Although the invention has been described and illustrated with reference to specific illustrative embodiments thereof, it is not intended that the invention be limited to those illustrative embodiments. Those skilled in the art will recognize that variations and modifications can be made without departing from the true scope of the invention as defined by the claims that follow. It is therefore intended to include within the invention all such variations and modifications as fall within the scope of the appended claims and equivalents thereof.

Claims

1. A method for producing a fiber board, said method comprising the steps of:

applying, across a full surface of a top side of a fiber board, impregnating a liquid material,

wherein 400-800 ml of impregnating material per square meter are applied in case of a board thickness in the range of 6-10 mm, and

wherein 200-400 ml of impregnating material per square meter are applied in case of a board thickness in the range of 2-6 mm, and

generating a pressure difference between the top side and a bottom side of the fiber board for sucking and/or pressing the impregnating material into the fiber board.

2. The method according to claim 1, comprising the additional steps of:

turning the fiber board around,

applying, across a full surface of a new top side of the fiber board, impregnating a liquid material side,

generating a pressure difference between the new top side and a new bottom side of the fiber board for sucking and/or pressing the impregnating material into the fiber board.
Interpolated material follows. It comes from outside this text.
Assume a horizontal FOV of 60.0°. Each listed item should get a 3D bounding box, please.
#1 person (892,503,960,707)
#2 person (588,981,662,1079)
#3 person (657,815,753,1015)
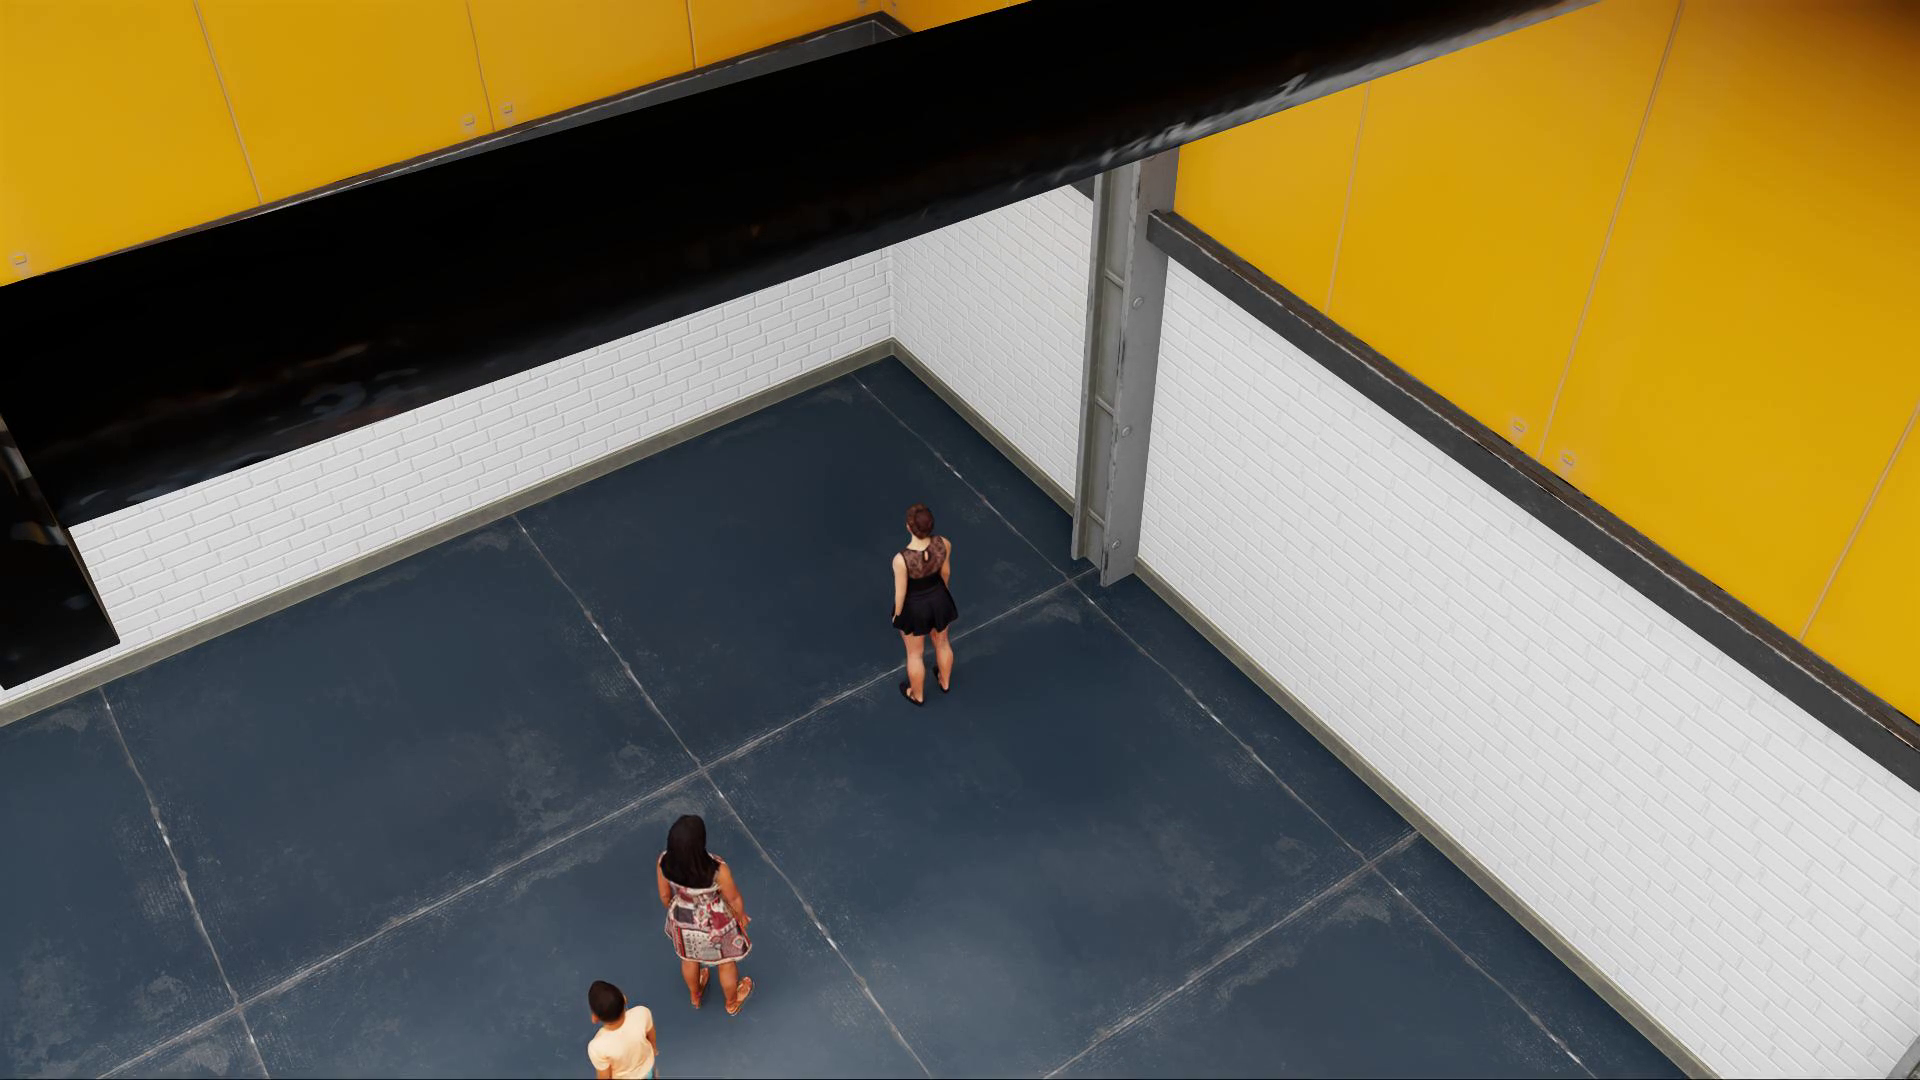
[{"bbox_3d":[-0.239,0.413,10.647,0.588,1.675,0.570,-22,48,-22],"label":"person"},{"bbox_3d":[-1.671,2.685,8.417,0.557,1.461,0.573,31,52,28],"label":"person"},{"bbox_3d":[-1.391,2.035,8.966,0.708,1.646,0.778,8,44,9],"label":"person"}]

3. The method according to claim 1, wherein the density of the fiber board is 700-1100 kg/m³.

4. The method according to claim 1, wherein, for the suck-in or press-in process, the pressure difference between the top side and the bottom side is applied for 70-110 s.

5. The method according to claim 2, wherein, for the second suck-in or press-in process, the pressure difference between the new top side and the new bottom side is applied for 10-25 s.

6. The method according to claim 1, wherein the generating of the pressure difference is generated by a vacuum chamber extending across the entire bottom side of the fiber board.

7. The method according to claim 1, wherein the impregnating material is applied by casting and/or spraying onto the top side.

8. The method according to claim 1, wherein the impregnating material has a viscosity of 10 to 80 s, measured in a DIN 4 measuring jug.

9. The method according to claim 1, wherein the pressure difference is in the range from 0.8 to 1.2 bar.

10. The method according to claim 1, wherein the pressure difference is generated by at least one vacuum pump having a total suctional capacity of 700 to 1200 m³/h on a surface area of 1 m².

11. The method according to claim 1, wherein the impregnating material penetrates into the fiber board by at least 3 mm.

12. The method according to claim 1, wherein the fiber board is a wood fiber board.